== Work to be completed ==
Without including any images, repeat the data exactly.
** Task input follows **
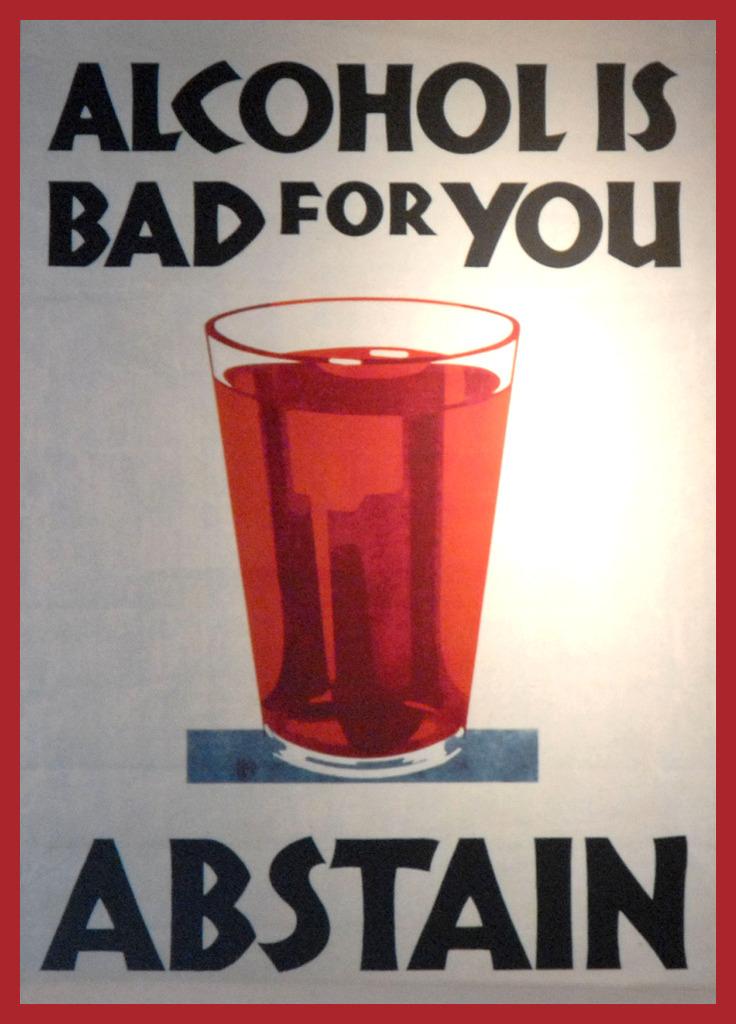Is that alcohol or juice?
Keep it short and to the point. Alcohol. According to the poster, why should you abstain from alcohol?
Your response must be concise. It's bad for you. 
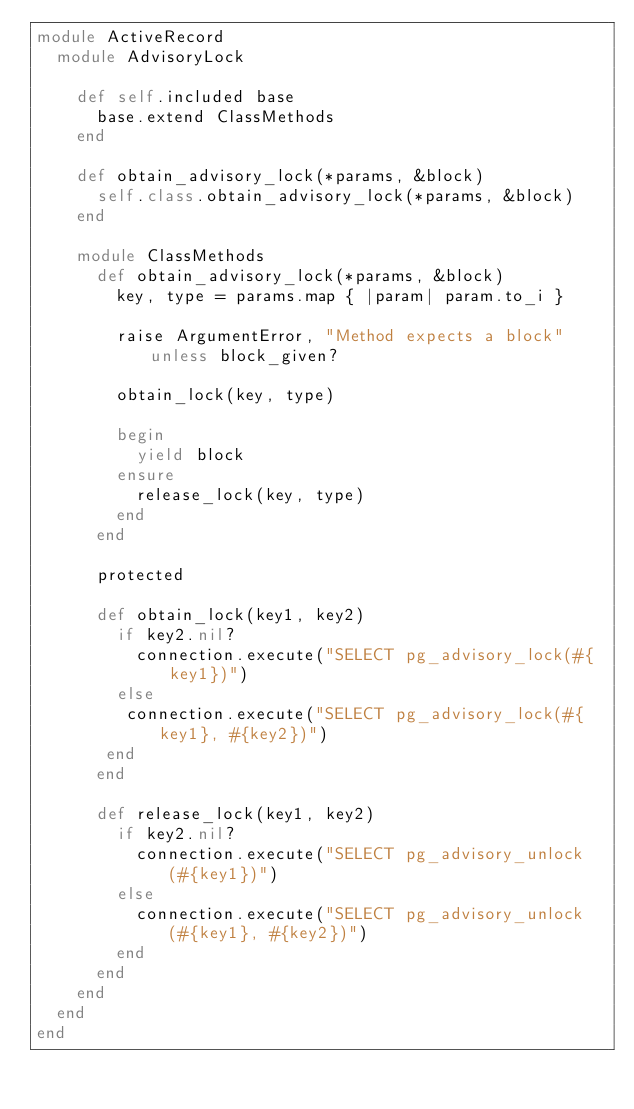<code> <loc_0><loc_0><loc_500><loc_500><_Ruby_>module ActiveRecord
  module AdvisoryLock

    def self.included base
      base.extend ClassMethods
    end

    def obtain_advisory_lock(*params, &block)
      self.class.obtain_advisory_lock(*params, &block)
    end

    module ClassMethods
      def obtain_advisory_lock(*params, &block)
        key, type = params.map { |param| param.to_i }

        raise ArgumentError, "Method expects a block" unless block_given?

        obtain_lock(key, type)

        begin
          yield block
        ensure
          release_lock(key, type)
        end
      end

      protected

      def obtain_lock(key1, key2)
        if key2.nil?
          connection.execute("SELECT pg_advisory_lock(#{key1})")
        else
         connection.execute("SELECT pg_advisory_lock(#{key1}, #{key2})")
       end
      end

      def release_lock(key1, key2)
        if key2.nil?
          connection.execute("SELECT pg_advisory_unlock(#{key1})")
        else
          connection.execute("SELECT pg_advisory_unlock(#{key1}, #{key2})")
        end
      end
    end
  end
end
</code>
** End of Task input **
== Problem solution ==
Is that alcohol or juice?
Keep it short and to the point. Alcohol. According to the poster, why should you abstain from alcohol?
Your response must be concise. It's bad for you. 
<code> <loc_0><loc_0><loc_500><loc_500><_Ruby_>module ActiveRecord
  module AdvisoryLock

    def self.included base
      base.extend ClassMethods
    end

    def obtain_advisory_lock(*params, &block)
      self.class.obtain_advisory_lock(*params, &block)
    end

    module ClassMethods
      def obtain_advisory_lock(*params, &block)
        key, type = params.map { |param| param.to_i }

        raise ArgumentError, "Method expects a block" unless block_given?

        obtain_lock(key, type)

        begin
          yield block
        ensure
          release_lock(key, type)
        end
      end

      protected

      def obtain_lock(key1, key2)
        if key2.nil?
          connection.execute("SELECT pg_advisory_lock(#{key1})")
        else
         connection.execute("SELECT pg_advisory_lock(#{key1}, #{key2})")
       end
      end

      def release_lock(key1, key2)
        if key2.nil?
          connection.execute("SELECT pg_advisory_unlock(#{key1})")
        else
          connection.execute("SELECT pg_advisory_unlock(#{key1}, #{key2})")
        end
      end
    end
  end
end
</code>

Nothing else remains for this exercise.